And, THAT, is one of the issues.


----------



## CDG (Mar 27, 2015)

Part 4: http://www.militarytimes.com/longform/military/2015/03/27/task-force-violent-part-4/24310087/


----------



## CDG (Apr 7, 2015)

The 5th, and final, part: http://www.militarytimes.com/longform/military/2015/04/03/task-force-violent-part-5/24310609/


----------



## devilbones (Apr 7, 2015)

I read the final yesterday.  Good read, thanks for posting.


----------



## Ooh-Rah (Feb 8, 2018)

*- UPDATE -*

Very pleased to read this.  It sounds as if Rep. Walter Jones of North Carolina took the idea of Semper Fi more seriously than the senior brain-wizards in the Corps.  That is my snarky, uninformed opinion after reading the 5 part story from Military.com.

Corps Affirms Full Exoneration for MARSOC Unit Rocked by Scandal

A senior lawmaker is hailing the Marine Corps for reviewing a decade-old case in which members of a MARSOC company were accused of murdering civilians in Afghanistan, and publicly affirming a full exoneration of the unit. But the commanding officer of the unit in question believes the service should go further to show its support.

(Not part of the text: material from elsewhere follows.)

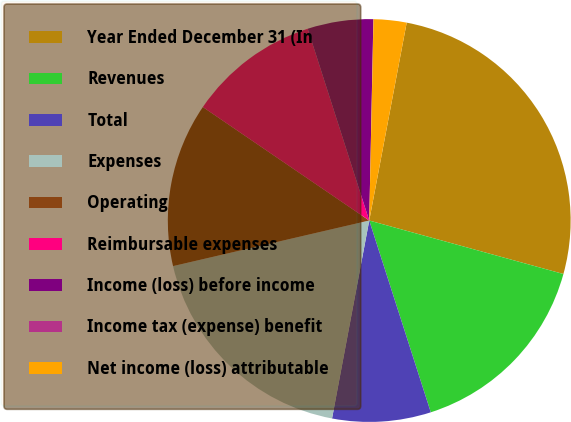Convert chart to OTSL. <chart><loc_0><loc_0><loc_500><loc_500><pie_chart><fcel>Year Ended December 31 (In<fcel>Revenues<fcel>Total<fcel>Expenses<fcel>Operating<fcel>Reimbursable expenses<fcel>Income (loss) before income<fcel>Income tax (expense) benefit<fcel>Net income (loss) attributable<nl><fcel>26.3%<fcel>15.78%<fcel>7.9%<fcel>18.41%<fcel>13.16%<fcel>10.53%<fcel>5.27%<fcel>0.01%<fcel>2.64%<nl></chart>

Rep. Walter Jones, a North Carolina Republican and member of the House Armed Services Committee, announced Wednesday he had received a letter from the service confirming the innocence of the Marines assigned to an element they called Task Force Violent.

The letter also promised to follow up with the troops through the Corps' Wounded Warrior Regiment, tasked with caring for the service's wounded, ill and injured service members.


----------



## DA SWO (Feb 8, 2018)

Ooh-Rah said:


> *- UPDATE -*
> 
> Very pleased to read this.  It sounds as if Rep. Walter Jones of North Carolina took the idea of Semper Fi more seriously than the senior brain-wizards in the Corps.  That is my snarky, uninformed opinion after reading the 5 part story from Military.com.
> 
> ...


How about lost promotions and ruined careers.


----------



## Centermass (Jan 9, 2019)

**BUMP**

A Marine Special Forces officer has been promoted in retirement after the Navy acknowledged that he was falsely accused of war crimes for leading his men through a terrorist ambush.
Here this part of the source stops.